Essendo l’unica donna della redazione di TennisTalker, il mio primo voto non poteva che andare ad una giocatrice WTA. Sembrerò banale, ma lo dico subito: il mio voto va a Jasmine Paolini e vi spiego perché. Nel 2024 Jasmine ci ha fatto sognare, come forse non avevamo mai osato fare, arrampicandosi (termine necessario vista la sua statura, che la fa sembrare ancora più “gigante”) fino alla quarta posizione del ranking mondiale. Poi così all’improvviso, all’inizio dell’anno, la separazione dal suo coach, Renzo Furlan. Lo confesso: da quel momento mi aspettavo un 2025 in rovinosa caduta. E invece no. Jasmine ha resistito. E come! Ha terminato il 2025 alla posizione numero 8 del ranking mondiale e anche se a Riyadh le cose non sono andate come sperato, complice anche un’influenza che l’ha messa ko, quello che resta è la determinazione, la lotta, la capacità di stare sempre dentro la partita, senza mai smettere di crederci. E sempre con il sorriso. Il mio augurio è che anche nel 2026 riesca a smentire le mie previsioni, proprio come ha fatto quest’anno.

2) La finale del Roland Garros

Al secondo posto metto quella che, per molti, è stata la partita dell’anno: la finale del Roland Garros tra Jannik Sinner e Carlos Alcaraz.
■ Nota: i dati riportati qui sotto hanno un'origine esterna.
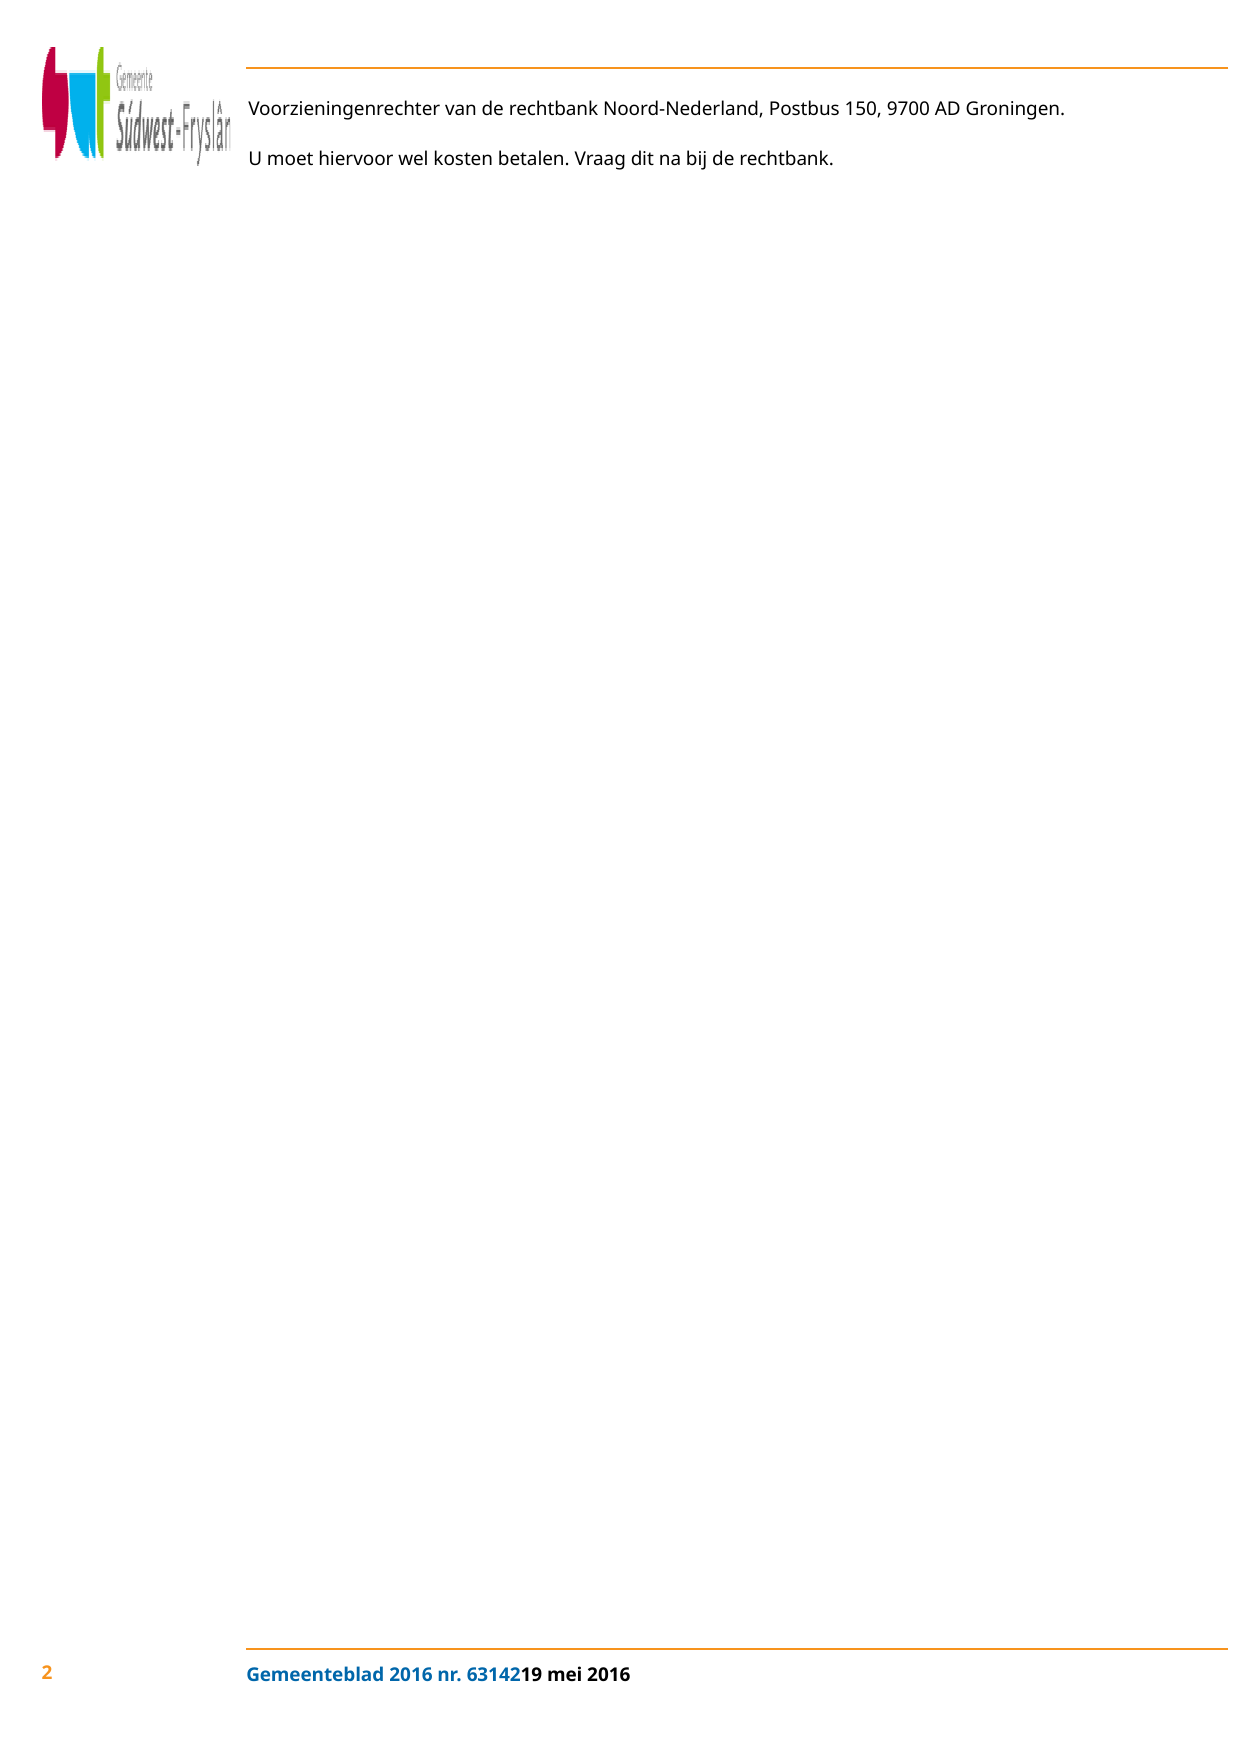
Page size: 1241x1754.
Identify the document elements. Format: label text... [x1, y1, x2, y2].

text Voorzieningenrechter van de rechtbank Noord-Nederland, Postbus 150, 9700 AD Groningen. [248, 95, 1152, 121]
text U moet hiervoor wel kosten betalen. Vraag dit na bij de rechtbank. [248, 145, 1152, 171]
picture [41, 47, 231, 172]

Al di là di uno spettacolo tecnico ed emotivo di livello incredibile, quel match ha lasciato una lezione che va oltre il tennis giocato. Ha ricordato a noi comuni (pseudo) tennisti che tre match point, a volte, non bastano per vincere una partita, così come averli contro non equivale necessariamente ad una condanna. Nel tennis, come nella vita, finché c’è un punto da giocare, c’è sempre spazio per ribaltare l’esito.

3) Il tributo a Nadal

Il tributo a Rafael Nadal durante il Roland Garros. Il momento più toccante della cerimonia è stato quando sotto la terra rossa è stata scoperta la targa che raffigura l’impronta del 14 volte campione di Parigi. Le lacrime dello spagnolo, circondato da uno stadio vestito di rosso e dai suoi 3 grandi “avversari” – Federer, Djokovic e Murray – resteranno nella storia.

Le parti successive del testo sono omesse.